Dataset records section start

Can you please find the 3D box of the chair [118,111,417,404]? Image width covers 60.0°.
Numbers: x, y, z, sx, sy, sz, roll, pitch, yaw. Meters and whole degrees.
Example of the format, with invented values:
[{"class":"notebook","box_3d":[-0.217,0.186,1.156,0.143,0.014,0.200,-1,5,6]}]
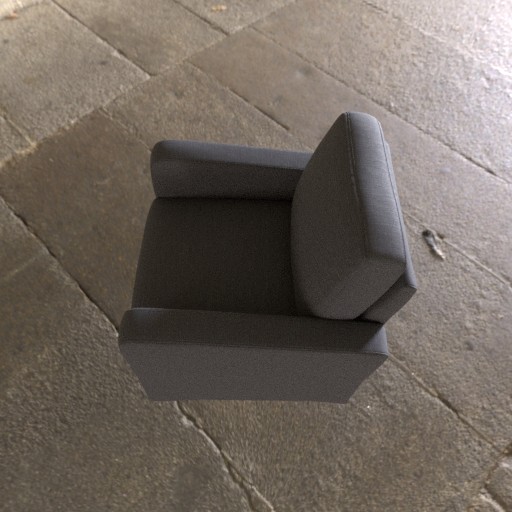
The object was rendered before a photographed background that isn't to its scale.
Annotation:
[{"class":"chair","box_3d":[0.000,0.000,1.538,0.863,0.855,0.798,1,58,0]}]

Dataset records section end

Work request
The copy you produce must repeat all the entries exactly and contain no pictures.

Response below
Can you please find the 3D box of the chair [118,111,417,404]? Image width covers 60.0°.
Numbers: x, y, z, sx, sy, sz, roll, pitch, yaw. Meters and whole degrees.
Example of the format, with invented values:
[{"class":"notebook","box_3d":[-0.217,0.186,1.156,0.143,0.014,0.200,-1,5,6]}]
The object was rendered before a photographed background that isn't to its scale.
Annotation:
[{"class":"chair","box_3d":[0.000,0.000,1.538,0.863,0.855,0.798,1,58,0]}]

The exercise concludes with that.